Am meisten Geld gebe ich für den Einkauf von Nahrungsmitteln aus und wenn die Kinder neue Kleidung brauchen.

In der Migros kann ich mir fast keine Früchte mehr leisten. Es ist so teuer geworden. Da wir sehr nahe an der Grenze zu Österreich wohnen, fahren wir oft über die Grenze, um dort im Hofer einzukaufen. Wir essen selten in Restaurants. Vielleicht einmal in zwei Monaten. Wir essen lieber zuhause.

Nazmije Ajeti
In der Migros kann ich mir fast keine Früchte mehr leisten. Es ist so teuer geworden.

Wie viel Geld bleibt dir am Ende des Monats übrig?

Momentan nichts.

Gibt es Dinge, die du trotzdem kaufst, obwohl es finanziell nicht reicht?

Nein, nie. Ich würde mir nie Schulden aufhalsen.

Kannst du sparen?

Nein. Wir schauen einfach, dass wir am Ende des Schuljahres für die Sommerferien in die Heimat reisen können.

Du kannst nicht sparen. Aber du spendest trotzdem?

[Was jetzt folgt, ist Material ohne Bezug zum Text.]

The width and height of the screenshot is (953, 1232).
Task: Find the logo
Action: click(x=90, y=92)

Ich versuche, ein bis zwei Mal im Jahr zu spenden. Meistens für Waisenkinder oder verwitwete Frauen im Kosovo, die nichts haben. Jährlich ist das ungefähr ein Betrag von 300 Franken. Ich spende, weil es mir wichtig ist, diese Personen zu unterstützen. Ich bin einfach so. Ich könnte nicht nicht spenden. Natürlich fühle ich mich auch gut dadurch.

Die Pandemie hat die Ungleichheit weltweit verstärkt und vor allem Frauen finanziell hart getroffen. Macht dir das Sorgen?

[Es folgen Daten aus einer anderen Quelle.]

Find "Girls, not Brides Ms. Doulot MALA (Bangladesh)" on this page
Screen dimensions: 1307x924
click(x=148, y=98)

Wegen der Pandemie hatten wir oft Kurzarbeit. Als sie uns dies in der Firma mitteilten, bereitete mir das grosse Sorgen. Ich muss aber auch zugeben, dass ich die freie Zeit zuhause schliesslich auch genossen habe. Wir konnten sowieso nichts dagegen tun. Ich konnte mich also ein bisschen ausruhen, denn als Mutter habe ich fast nie eine Pause.